Article 2 : L'ordonnance du 28 juillet 1992 du président du tribunal administratif de Nice est annulée en tant qu'elle rejette les conclusions de la société civile immobilière de la Résidence "Le Gonfanon" tendant à l'annulation de l'arrêté du 15 avril 1992.
Article 3 : La demande présentée par le SYNDICAT DES COPROPRIETAIRES DE LA RESIDENCE "LE GONFANON" devant le tribunal administratif de Nice et le surplus des conclusions de sa requête sont rejetés.

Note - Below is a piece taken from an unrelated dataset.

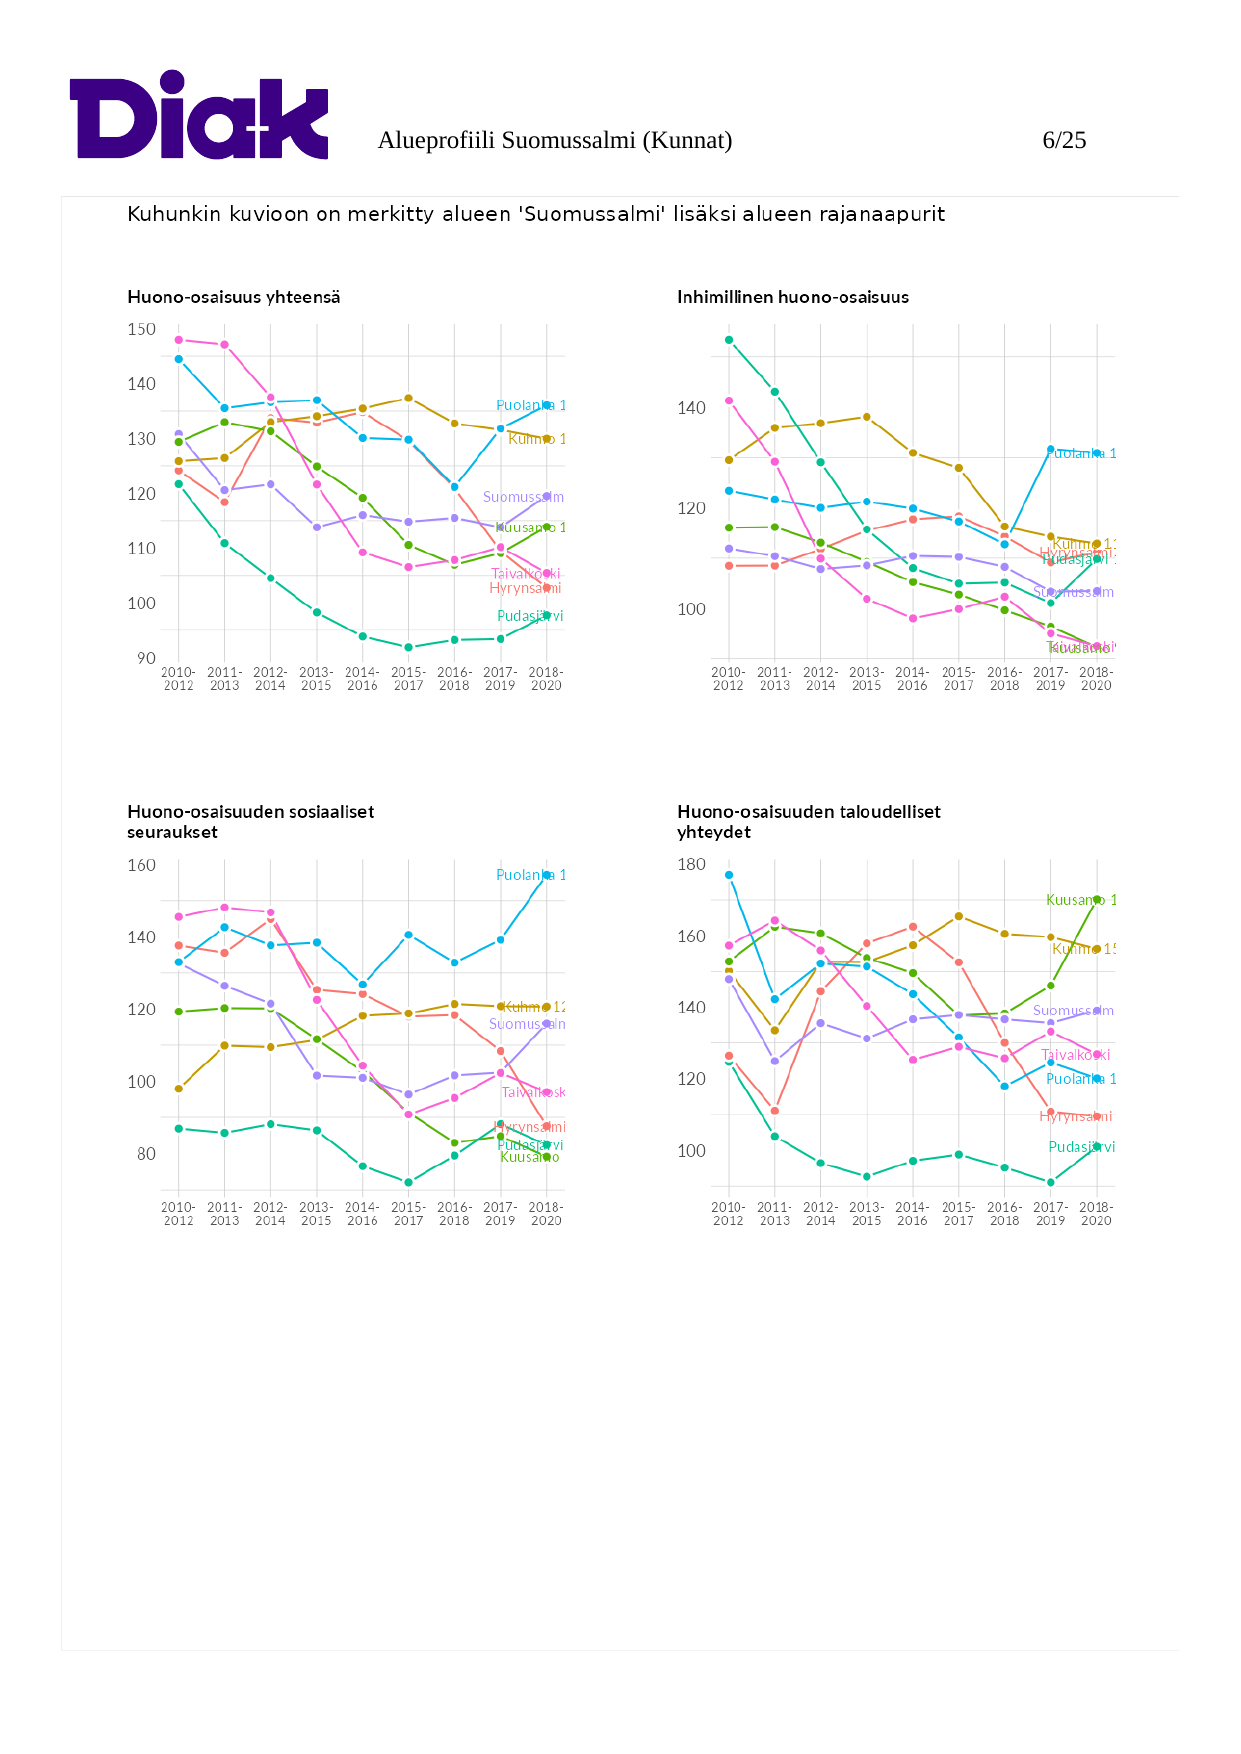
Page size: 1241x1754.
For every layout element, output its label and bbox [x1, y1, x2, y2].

Article 4 : La présente décision sera notifiée au SYNDICAT DES COPROPRIETAIRES DE LA RESIDENCE "LE GONFANON", à l'Immobilière Patrick X..., au maire de Saint-Raphaël et au ministre d'Etat, ministre de l'intérieur et de l'aménagement du territoire.
Analyse
CETAT54-01-04-02-02 PROCEDURE - INTRODUCTION DE L'INSTANCE - INTERET POUR AGIR - EXISTENCE D'UN INTERET - SYNDICATS, GROUPEMENTS ET ASSOCIATIONS -Urbanisme - Permis de construire - Syndicat de copropriétaires d'une résidence située en vis-à-vis.
CETAT68-07-01-02 URBANISME ET AMENAGEMENT DU TERRITOIRE - REGLES DE PROCEDURE CONTENTIEUSE SPECIALES - INTRODUCTION DE L'INSTANCE - INTERET A AGIR -Existence - Syndicat de copropriétaires.
54-01-04-02-02, 68-07-01-02 Il résulte des termes de l'article 15 de la loi du 10 juillet 1965 fixant le statut de la copropriété des immeubles bâtis que le syndicat des copropriétaires d'une résidence a intérêt à contester la légalité du permis de construire un immeuble situé en vis-à-vis de ladite résidence.